Ongoing Research on Diagnosis and Treatment

Ongoing research is currently attempting to define the role of neutrophils in Alzheimer’s disease much more precisely—particularly with regard to diagnosis and potential therapeutic approaches. Dr. Ramos-Cejudo and his team at the VIDA Laboratory (Laboratory for Vascular and Immunological Dysfunction in Aging and Alzheimer’s) are pursuing an integrative approach: They combine immunological measurements of neutrophil activity with modern brain imaging techniques such as positron emission tomography (PET) and diffusion magnetic resonance imaging, as well as detailed cognitive tests. The goal is to establish connections between inflammatory processes, structural changes in the brain, and actual cognitive decline. A particularly interesting aspect of this research is the question of whether neutrophils merely function as biomarkers—that is, as measurable indicators of disease processes already underway—or whether they actively contribute to deterioration. Should the latter be confirmed, they could become an attractive target for new therapies, such as drugs that regulate their activity or limit their harmful effects in the brain.

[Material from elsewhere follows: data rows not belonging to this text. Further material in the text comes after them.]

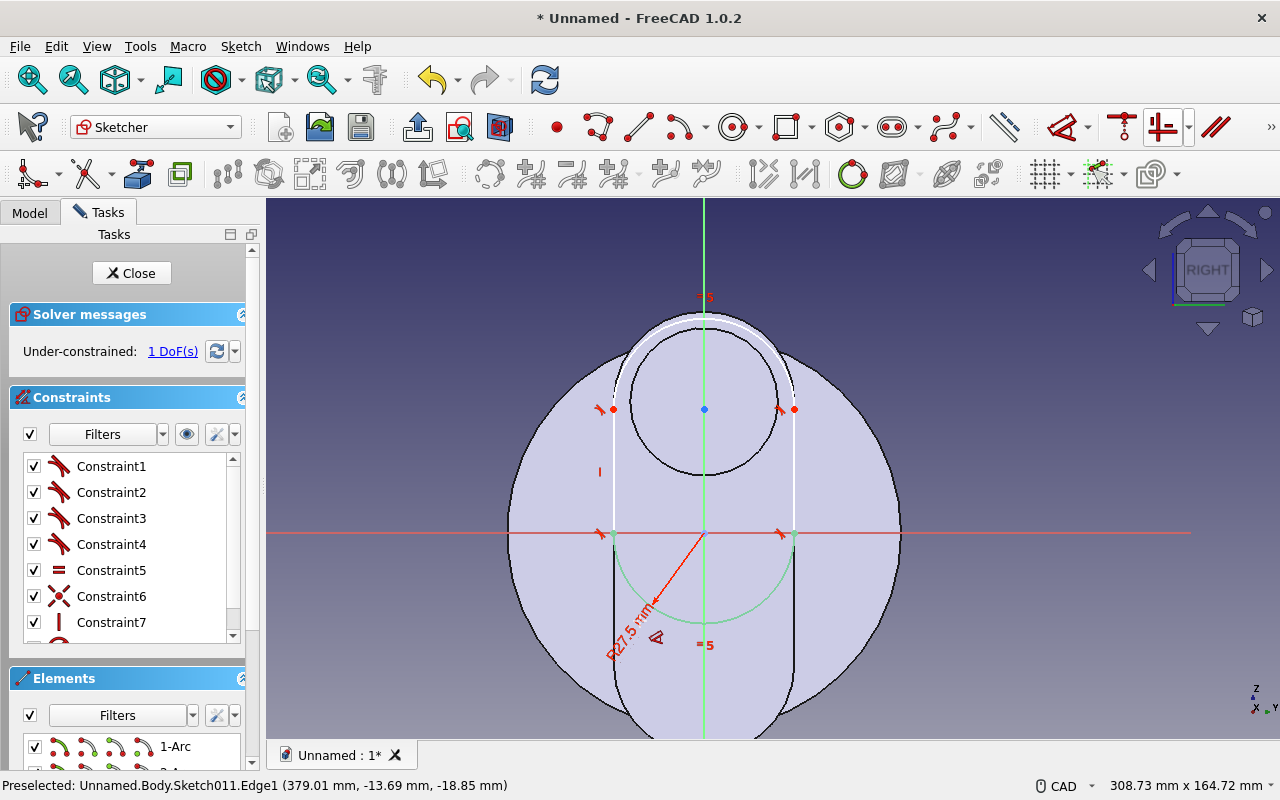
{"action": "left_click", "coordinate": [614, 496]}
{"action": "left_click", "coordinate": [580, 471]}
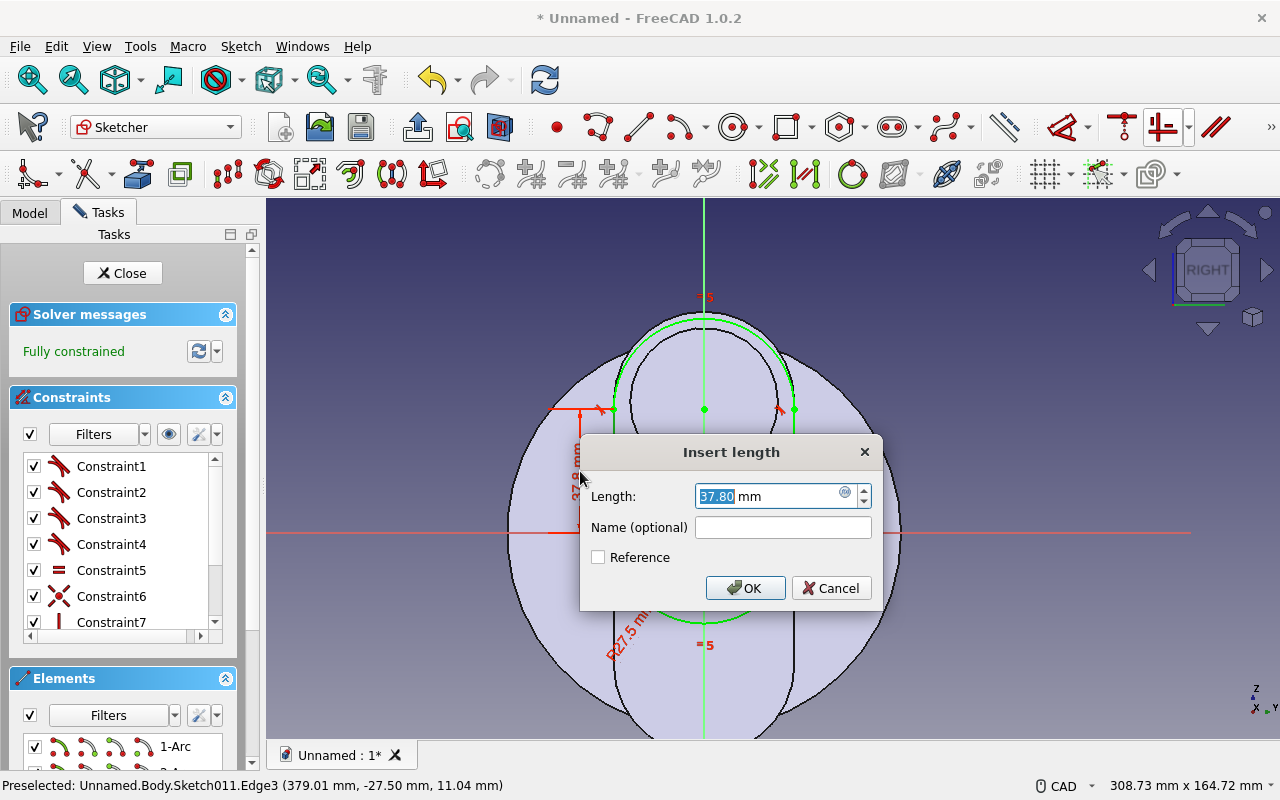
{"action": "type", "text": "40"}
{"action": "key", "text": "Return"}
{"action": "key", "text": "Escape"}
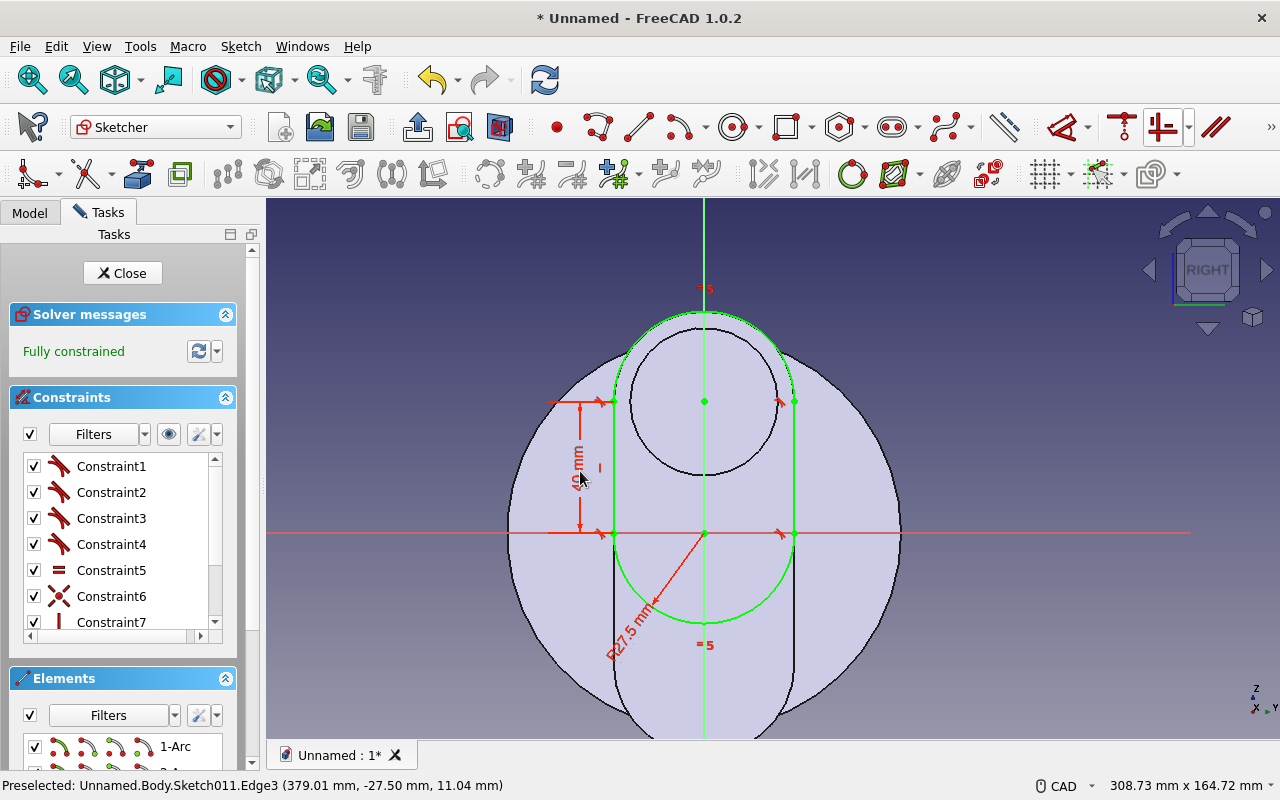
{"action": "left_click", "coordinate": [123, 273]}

At the same time, the so-called neutrophil-to-lymphocyte ratio (NLR) is gaining importance. This ratio, which can be determined relatively easily from blood samples, could establish itself as a cost-effective and easily accessible diagnostic tool. Initial evidence suggests that an altered NLR may be associated with an increased risk of neurodegenerative diseases. In the future, it could therefore help identify individuals at increased risk early on—possibly long before clinically recognizable symptoms appear. This would open the door to early interventions, whether through lifestyle measures or targeted medical therapies. Nevertheless, caution is still warranted here: The results so far are promising, but not yet sufficient to derive clear clinical recommendations. Larger, long-term studies are needed to clarify how reliable these markers actually are and whether interventions targeting neutrophil function can measurably improve disease progression.